A role of RNA as a transgenerational determinant was confirmed by the induction of the epigenetic state in eggs fertilized by the miR-124-loaded sperm of Prm1-transgenic males. In this case,however, the `giant' phenotype was not transmitted further by the `giant'non-transgenic progeny, whose sperm did not maintain copies of the microRNA. Not excluding other possibilities, such as differential marking of the RNA molecules or different nucleoprotein complexes, the most likely difference between the transgenic system and the paramutant mice is a smaller number of copies transferred to the oocyte via the transgenic sperm as compared with microinjection. This observation might provide a clue regarding the conditions necessary for hereditary transmission by distinguishing the requirements for epigenetic determination in the embryo and the subsequent transfer to the germ line.

Epigenetic modulation of Kit and Cdk9 expression was induced by oligoribonucleotides with sequences of their respective transcripts as efficiently as by the cognate microRNAs(Rassoulzadegan et al., 2006; Wagner et al., 2008). A search performed on this basis for genes with partial similarities to the miR-124 sequence provided a shortlist of candidates. These candidates necessarily included several of the known targets of the microRNA post-transcriptional regulation. On the basis of their early expression in development, five of them were retained for further studies, among which,three showed an elevated level of expression in the paramutant embryos. Interestingly, this was not the case of every target of the microRNA, as neither Vamp3 nor CD164 was affected. None of the three candidates at this stage, Acaa2, LamC1 and Sox9, had been reported to act in the control of embryonic growth. The mitochondrial acetyl-Coenzyme A acyltransferase 2 encoded by Acaa2 is not expected to act as a central regulator of growth, although the development of a large body implies increased metabolic activity and a corresponding contribution of mitochondria. LamC1, encoding the gamma 1 laminin subunit, and a physiological target of miR-124 during neural development(Cao et al., 2007), is necessary for basement membrane formation and development past the blastocyst stage (Smyth et al., 1999). The development of a giant embryo certainly requires basal membrane formation,but again, a central regulatory role did not appear to be likely. In fact,neither LamC1 (Table 2) nor Acaa2 oligoribonucleotides (data not shown)induced the `giant' phenotype when injected into the embryo.

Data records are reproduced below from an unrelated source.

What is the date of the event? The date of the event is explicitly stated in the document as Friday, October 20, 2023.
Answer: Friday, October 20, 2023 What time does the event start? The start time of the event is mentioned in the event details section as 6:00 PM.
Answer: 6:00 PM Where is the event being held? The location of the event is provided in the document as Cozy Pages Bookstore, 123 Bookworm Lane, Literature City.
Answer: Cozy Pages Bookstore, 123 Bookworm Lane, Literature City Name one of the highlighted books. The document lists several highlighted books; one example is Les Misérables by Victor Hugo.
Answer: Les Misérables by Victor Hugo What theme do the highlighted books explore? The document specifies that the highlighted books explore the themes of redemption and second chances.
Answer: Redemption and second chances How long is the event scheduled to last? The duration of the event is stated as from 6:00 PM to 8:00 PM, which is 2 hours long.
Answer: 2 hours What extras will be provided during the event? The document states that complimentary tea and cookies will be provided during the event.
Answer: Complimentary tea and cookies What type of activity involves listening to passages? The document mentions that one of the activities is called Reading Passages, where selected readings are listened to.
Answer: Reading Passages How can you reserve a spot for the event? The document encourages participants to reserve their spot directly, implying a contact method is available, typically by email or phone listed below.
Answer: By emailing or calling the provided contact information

The situation was different for Sox9, although its expression has not so far been recorded at the early developmental stages by analysis of expressed sequence tags (EST). Its level of expression measured by quantitative PCR in the early embryo was indeed low, but clearly significant,and even more so in the paramutated form. Epigenetic upregulation of Sox9 as a primary modification in the miR-124^*embryos would be compatible with a corresponding increase of other transcripts in a complex network of regulations, not unexpected given the multiple roles of the gene in development. A common theme of Sox9 analysis in various differentiation pathways (Lefebvre et al., 2007) is the ability to function at an early stage,possibly in the control of the proliferation and differentiation of progenitors. This is precisely the role suggested for the multipotential embryonic stem cells by the present results. It is of interest to consider that the heritability of body size in human is not fully accounted for by Mendelian determinants (Maher,2008). Inherited epigenetic determinations might offer an alternative model, especially considering the significant concentration of RNA of human sperm (Miller et al.,2005).

As it is, and as it was for mutations in classical genetics, paramutation could lead to the identification of genes involved in complex developmental phenotypes. Microinjection assays performed with other RNAs, microRNAs and their combinations might allow the discovery of new regulatory pathways. Finally, note that previously we considered(Wagner et al., 2008) that paramutation can be viewed basically as a surveillance program, recognizing an abnormal RNA profile that indicates alteration of the locus, by either illegitimate recombination or transposon insertion, and maintaining a crucial gene function by an increased expression of the correct allele.